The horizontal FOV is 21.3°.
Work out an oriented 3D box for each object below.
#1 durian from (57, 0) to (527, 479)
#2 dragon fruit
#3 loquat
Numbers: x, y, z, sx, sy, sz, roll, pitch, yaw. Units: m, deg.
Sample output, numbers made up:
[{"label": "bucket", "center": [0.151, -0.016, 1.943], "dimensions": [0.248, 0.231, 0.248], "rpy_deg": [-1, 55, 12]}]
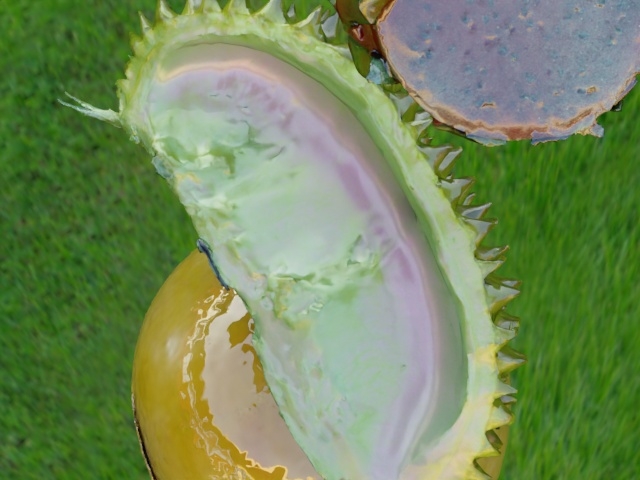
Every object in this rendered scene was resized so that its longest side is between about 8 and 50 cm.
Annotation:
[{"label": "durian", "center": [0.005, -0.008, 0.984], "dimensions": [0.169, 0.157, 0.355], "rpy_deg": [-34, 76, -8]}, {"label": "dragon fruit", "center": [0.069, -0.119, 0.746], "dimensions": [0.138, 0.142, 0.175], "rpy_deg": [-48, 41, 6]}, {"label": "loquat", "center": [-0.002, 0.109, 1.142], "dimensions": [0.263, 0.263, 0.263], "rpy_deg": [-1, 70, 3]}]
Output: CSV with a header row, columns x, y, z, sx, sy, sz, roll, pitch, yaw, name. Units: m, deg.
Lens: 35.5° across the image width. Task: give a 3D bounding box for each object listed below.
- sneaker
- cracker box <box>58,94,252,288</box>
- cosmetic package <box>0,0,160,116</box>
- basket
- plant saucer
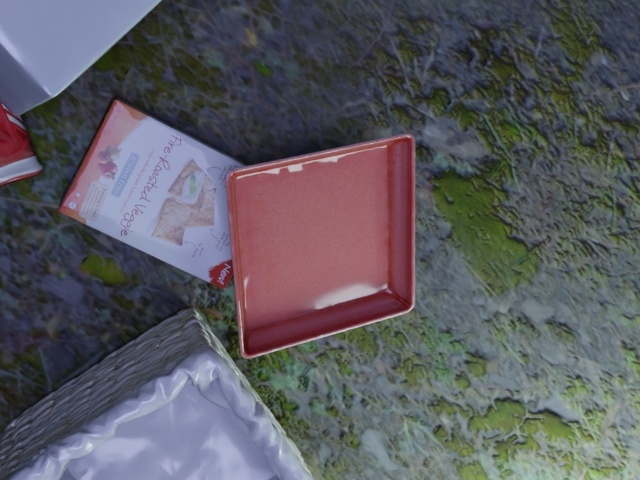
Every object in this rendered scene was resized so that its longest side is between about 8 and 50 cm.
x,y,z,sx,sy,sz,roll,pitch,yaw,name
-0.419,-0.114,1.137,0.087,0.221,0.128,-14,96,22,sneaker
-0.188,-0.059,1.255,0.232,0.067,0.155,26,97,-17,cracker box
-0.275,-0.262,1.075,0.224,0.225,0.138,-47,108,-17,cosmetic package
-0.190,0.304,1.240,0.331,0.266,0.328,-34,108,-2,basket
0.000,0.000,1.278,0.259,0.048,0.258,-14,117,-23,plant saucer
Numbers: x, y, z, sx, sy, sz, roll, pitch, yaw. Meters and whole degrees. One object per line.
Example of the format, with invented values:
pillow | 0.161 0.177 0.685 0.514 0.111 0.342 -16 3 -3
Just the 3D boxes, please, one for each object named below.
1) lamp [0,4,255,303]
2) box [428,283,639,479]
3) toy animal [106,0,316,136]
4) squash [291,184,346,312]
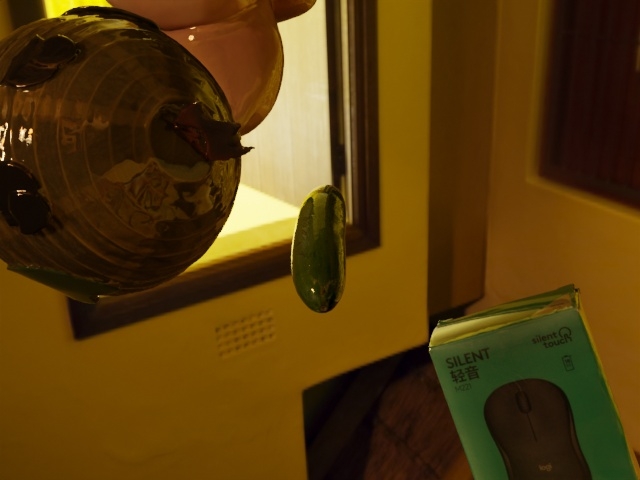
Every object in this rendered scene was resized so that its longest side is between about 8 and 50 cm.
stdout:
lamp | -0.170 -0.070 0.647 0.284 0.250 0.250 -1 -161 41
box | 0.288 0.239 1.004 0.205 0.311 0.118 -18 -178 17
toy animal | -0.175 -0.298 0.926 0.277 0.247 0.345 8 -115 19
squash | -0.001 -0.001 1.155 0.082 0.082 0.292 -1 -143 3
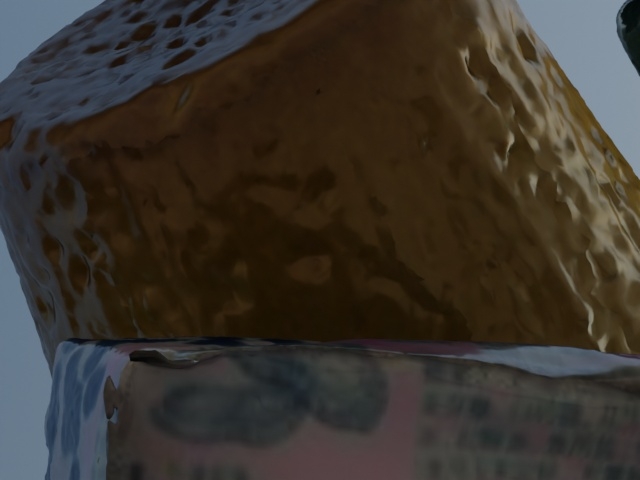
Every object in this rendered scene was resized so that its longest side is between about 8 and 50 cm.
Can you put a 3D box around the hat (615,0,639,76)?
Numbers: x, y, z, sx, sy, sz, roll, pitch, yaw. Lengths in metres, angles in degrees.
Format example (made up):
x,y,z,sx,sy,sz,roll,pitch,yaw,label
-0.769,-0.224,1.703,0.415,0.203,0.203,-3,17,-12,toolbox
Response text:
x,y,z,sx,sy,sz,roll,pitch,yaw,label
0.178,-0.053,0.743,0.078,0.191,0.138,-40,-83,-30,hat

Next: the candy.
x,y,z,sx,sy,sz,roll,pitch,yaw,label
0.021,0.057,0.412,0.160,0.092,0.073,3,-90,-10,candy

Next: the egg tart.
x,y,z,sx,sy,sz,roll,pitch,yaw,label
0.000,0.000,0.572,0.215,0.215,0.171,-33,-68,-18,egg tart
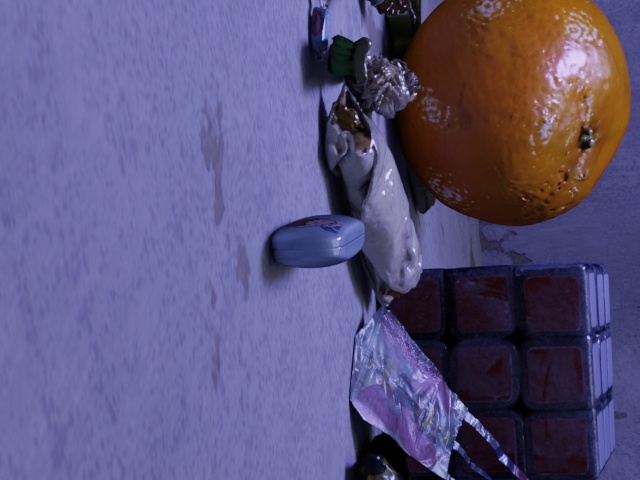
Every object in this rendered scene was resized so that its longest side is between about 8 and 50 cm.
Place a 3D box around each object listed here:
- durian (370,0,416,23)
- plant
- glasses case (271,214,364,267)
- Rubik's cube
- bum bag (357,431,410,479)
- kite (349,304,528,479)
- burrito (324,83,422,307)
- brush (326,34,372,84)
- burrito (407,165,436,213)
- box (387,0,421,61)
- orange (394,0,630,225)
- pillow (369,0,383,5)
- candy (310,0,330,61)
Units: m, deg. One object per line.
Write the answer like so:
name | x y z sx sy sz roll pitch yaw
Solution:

◆ Work instruction ◆
Except for the pictures, copy the material above exactly.

◆ Written solution ◆
The horizontal FOV is 21.3°.
Work out an oriented 3D box for each object below.
#1 durian from (57, 0) to (527, 479)
#2 dragon fruit
#3 loquat
Numbers: x, y, z, sx, sy, sz, roll, pitch, yaw. Units: m, deg.
Sample output, numbers made up:
[{"label": "bucket", "center": [0.151, -0.016, 1.943], "dimensions": [0.248, 0.231, 0.248], "rpy_deg": [-1, 55, 12]}]
Every object in this rendered scene was resized so that its longest side is between about 8 and 50 cm.
Annotation:
[{"label": "durian", "center": [0.005, -0.008, 0.984], "dimensions": [0.169, 0.157, 0.355], "rpy_deg": [-34, 76, -8]}, {"label": "dragon fruit", "center": [0.069, -0.119, 0.746], "dimensions": [0.138, 0.142, 0.175], "rpy_deg": [-48, 41, 6]}, {"label": "loquat", "center": [-0.002, 0.109, 1.142], "dimensions": [0.263, 0.263, 0.263], "rpy_deg": [-1, 70, 3]}]
Output: CSV with a header row, columns x, y, z, sx, sy, sz, roll, pitch, yaw, name. Units: m, deg.
Lens: 35.5° across the image width. Task: give a 3D bounding box for each object listed below.
- sneaker
- cracker box <box>58,94,252,288</box>
- cosmetic package <box>0,0,160,116</box>
- basket
- plant saucer
Every object in this rendered scene was resized so that its longest side is between about 8 and 50 cm.
x,y,z,sx,sy,sz,roll,pitch,yaw,name
-0.419,-0.114,1.137,0.087,0.221,0.128,-14,96,22,sneaker
-0.188,-0.059,1.255,0.232,0.067,0.155,26,97,-17,cracker box
-0.275,-0.262,1.075,0.224,0.225,0.138,-47,108,-17,cosmetic package
-0.190,0.304,1.240,0.331,0.266,0.328,-34,108,-2,basket
0.000,0.000,1.278,0.259,0.048,0.258,-14,117,-23,plant saucer
Numbers: x, y, z, sx, sy, sz, roll, pitch, yaw. Meters and whole degrees. One object per line.
Example of the format, with invented values:
pillow | 0.161 0.177 0.685 0.514 0.111 0.342 -16 3 -3
Just the 3D boxes, please, one for each object named below.
1) lamp [0,4,255,303]
2) box [428,283,639,479]
3) toy animal [106,0,316,136]
4) squash [291,184,346,312]
Every object in this rendered scene was resized so that its longest side is between about 8 and 50 cm.
stdout:
lamp | -0.170 -0.070 0.647 0.284 0.250 0.250 -1 -161 41
box | 0.288 0.239 1.004 0.205 0.311 0.118 -18 -178 17
toy animal | -0.175 -0.298 0.926 0.277 0.247 0.345 8 -115 19
squash | -0.001 -0.001 1.155 0.082 0.082 0.292 -1 -143 3
Every object in this rendered scene was resized so that its longest side is between about 8 and 50 cm.
Can you put a 3D box around the hat (615,0,639,76)?
Numbers: x, y, z, sx, sy, sz, roll, pitch, yaw. Lengths in metres, angles in degrees.
Format example (made up):
x,y,z,sx,sy,sz,roll,pitch,yaw,label
-0.769,-0.224,1.703,0.415,0.203,0.203,-3,17,-12,toolbox
Response text:
x,y,z,sx,sy,sz,roll,pitch,yaw,label
0.178,-0.053,0.743,0.078,0.191,0.138,-40,-83,-30,hat

Next: the candy.
x,y,z,sx,sy,sz,roll,pitch,yaw,label
0.021,0.057,0.412,0.160,0.092,0.073,3,-90,-10,candy

Next: the egg tart.
x,y,z,sx,sy,sz,roll,pitch,yaw,label
0.000,0.000,0.572,0.215,0.215,0.171,-33,-68,-18,egg tart
Every object in this rendered scene was resized so that its longest side is between about 8 and 50 cm.
Place a 3D box around each object listed here:
- durian (370,0,416,23)
- plant
- glasses case (271,214,364,267)
- Rubik's cube
- bum bag (357,431,410,479)
- kite (349,304,528,479)
- burrito (324,83,422,307)
- brush (326,34,372,84)
- burrito (407,165,436,213)
- box (387,0,421,61)
- orange (394,0,630,225)
- pillow (369,0,383,5)
- candy (310,0,330,61)
Units: m, deg. One object per line.
Write the answer like so:
name | x y z sx sy sz roll pitch yaw
Solution:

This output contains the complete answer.